Elle ne croyait pas en l'homme - explicit
- Vazy mignon lâche tout, je suis là. Ouiii, c'est... hmm.
Elle se lèche les babines, passe un doigt malicieux sur le coin de ses lèvres, les yeux pétillants mais un peu moins extrapolés que les siens à lui, qu'elle observe plutôt nulle part qu'ailleurs.
Il a grincé, il a gémi, et son souffle coupé tente quelque saccades de récupération qu'elle ne peut s'empêcher d'entendre d'une oreille satisfaite.
- J'aimerais bien te voir venir, toi aussi...
- Ca va être compliqué.
Quelques heures plus tôt ils étaient tous les deux dans ce genre d'imprécisions géolocalisées où l'endroit prime sur le lieu.

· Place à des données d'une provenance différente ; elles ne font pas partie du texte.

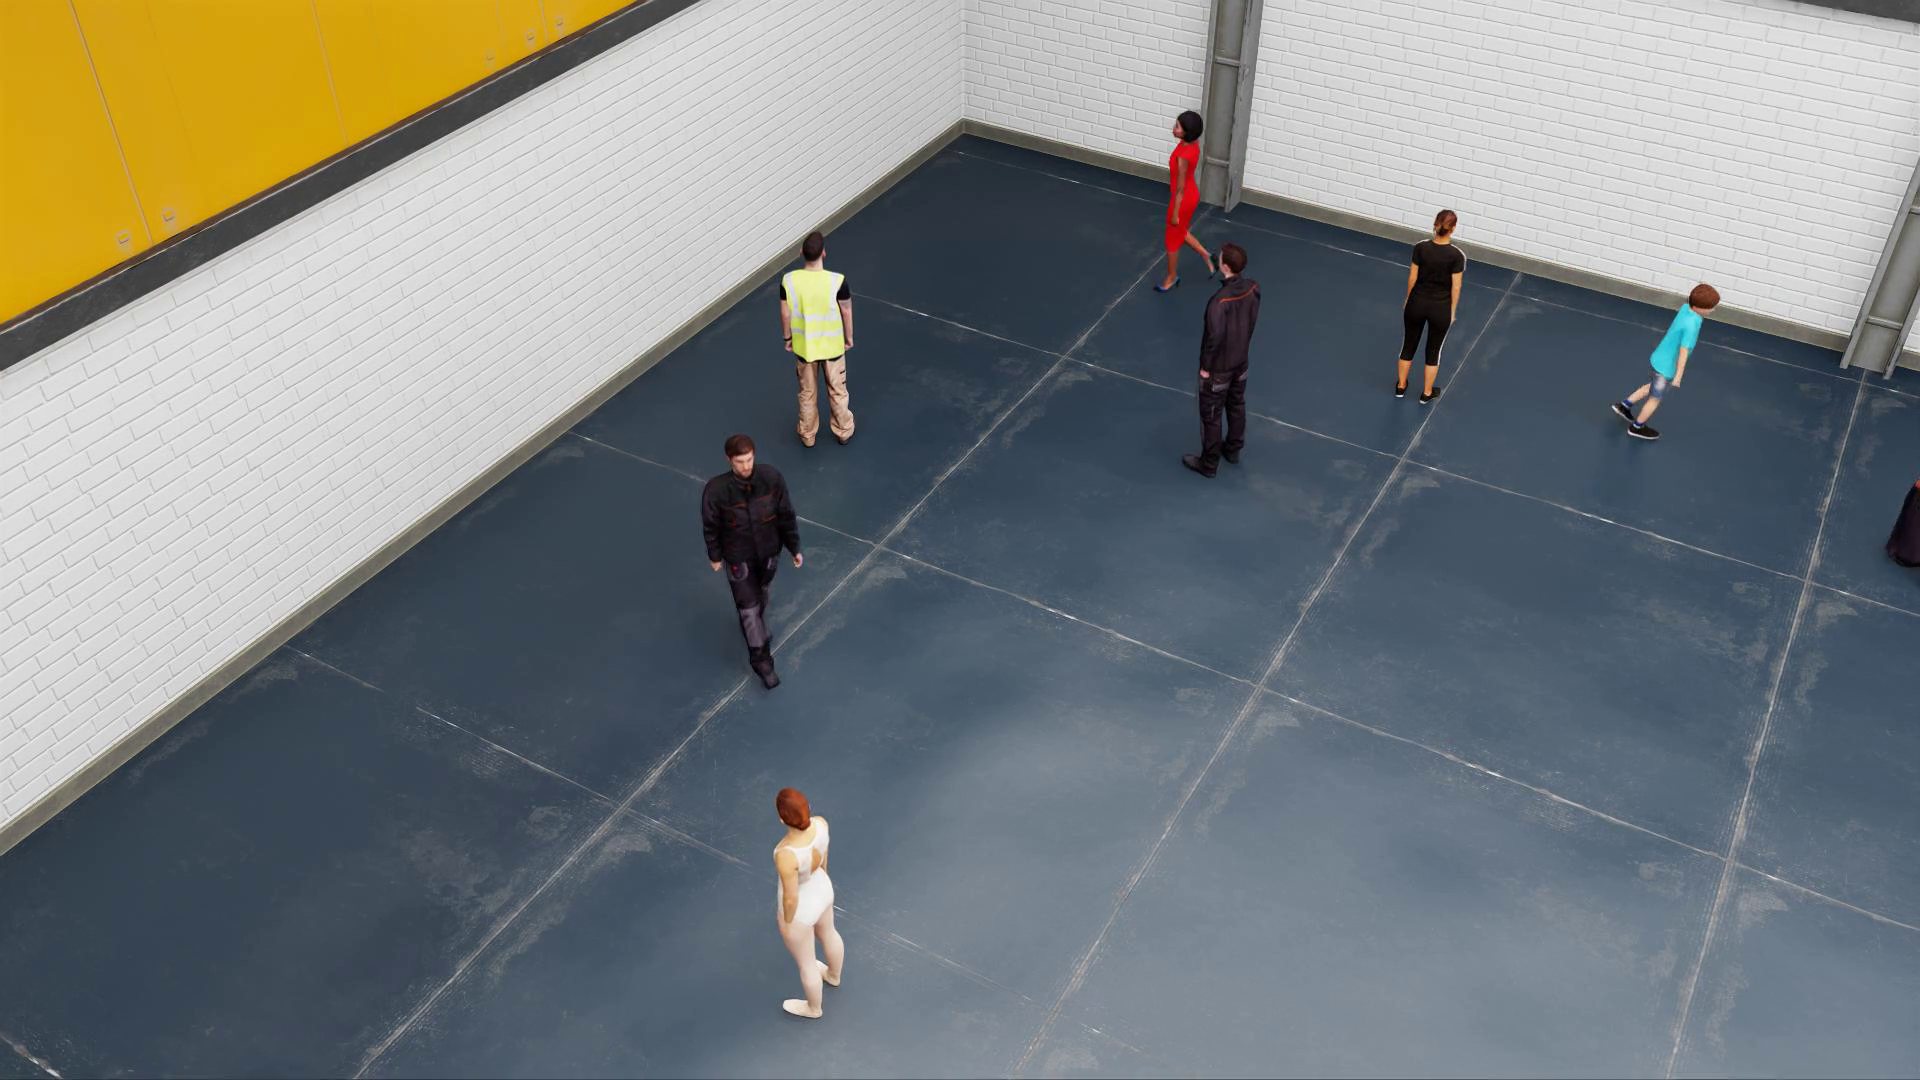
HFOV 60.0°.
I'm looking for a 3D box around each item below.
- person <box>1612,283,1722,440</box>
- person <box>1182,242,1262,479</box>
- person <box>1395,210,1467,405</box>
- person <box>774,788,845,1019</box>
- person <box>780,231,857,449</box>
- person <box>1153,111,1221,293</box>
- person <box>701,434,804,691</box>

Du formica, des palmiers en plastique, des néons un peu oranges et roses. Les cocktails coulaient à flot derrière les masques imbibés, depuis des verres plus brillants que jamais. Elle et lui ont tous les deux les résultats des tests : ils sont positifs. Du coup les interactions sociales sont à changer pour eux, et ils ont commencé une rencontre autour du virus.
Il a joué ses meilleures cartes : il sait bien faire le canard.
Et elle aime ça. Les canards.
D'une, parce que ça la conforte dans son sentiment d'être l'objet du désir plutôt que le sujet qui doit assumer le sien. Elle se sent trop bloquée par son éducation pour ne serait-ce qu'assumer qu'un homme pourrait être moins sensible à sa beauté fatale qu'elle ne le serait pour sa virilité si spécifique du vingt-et-unième siècle.
De deux parce que de toutes façons, l'étoile de mer, c'est son credo mais pas vraiment que au lit : elle aime l'avoir sous son joug, quitte à ne pas céder à sa propre tentation à elle. Elle a beau répéter à ses copains qu'elle veut de l'amour aux bras chaleureux, et à ses copines qu'elle aime terriblement l'amour en grosses giclées, eh bien de toutes façons c'est toujours pour lui que le repas est servi entre ses cuisses à elle, alors qu'elle vibre certes d'une satisfaction maline, mais qui jamais n'efface son effacement.
Elle n'ose pas. Se lâcher.
Comme un sentiment d'asservissement qu'elle n'ose profaner. Elle sait que lui y est insensible, et qu'il a trop besoin d'expulser le trop-plein, quitte à se sentir dépassé par les événements une fois que c'est fait. Mais elle, non, elle veut garder le pouvoir. Ne pas céder. Ne pas convulser cette reconnaissance qu'elle lui devrait alors, de l'avoir soulagée.
Il y a, elle ne peut le nier, ce rapport de force à la finalité de ses rapports. Se retrouver nue est déjà assez difficile dans un contexte où chacun se fait des films plus ou moins immoraux à son sujet, il ne faudrait pas que la situation s'inverse et qu'innocemment, ce soit elle qui se soumette à l'inévitable pouvoir qu'exerce le sexe sur nos vies.
Donc pas d'orgasme pour madame, et tant pis si le canard mange du pain humide et qu'elle n'a que des miettes sans tartine.
Là, présentement, elle l'observe avec un œil à cheval entre le dédain, le dégoût et... la fierté. Elle n'aime pas vraiment qu'il jouisse et pas elle. Mais elle ne peut pas se permettre. D'une construction morale identitaire, c'est elle qui suscite le désir ; pas l'inverse.
Lui, il n'est plus là.
Son cerveau emporté par la vague le laisse pantois, les jambes en cuisses de grenouille, le visage au crépuscule d'un effort tendu.
Il est bien, satisfait, soulagé. Les flux de molécules chimiques ont envahi sa conscience et il ne se pose plus la question de savoir quel équilibre ; quelle légitimité.
Il a juté en une explosion incontrôlable, et son plaisir assouvi ne rencontre que la normalité de la situation. Il a cru la dominer un peu avec ses jeux de rôles, et elle s'est laissée faire jusqu'à ce qu'il parvienne au bout.
Maintenant il a atteint un objectif, et c'est tout à leur honneur.
Lui d'avoir conquis.
Elle d'avoir réalisé.
Son extase à lui.
Le pouvoir partagé en miroir.
Lui de profiter, elle de maîtriser.
La soumission partagée en miroir.
Lui de dépendre, elle de permettre.
Elle s'allonge contre lui, et lui caresse la poitrine.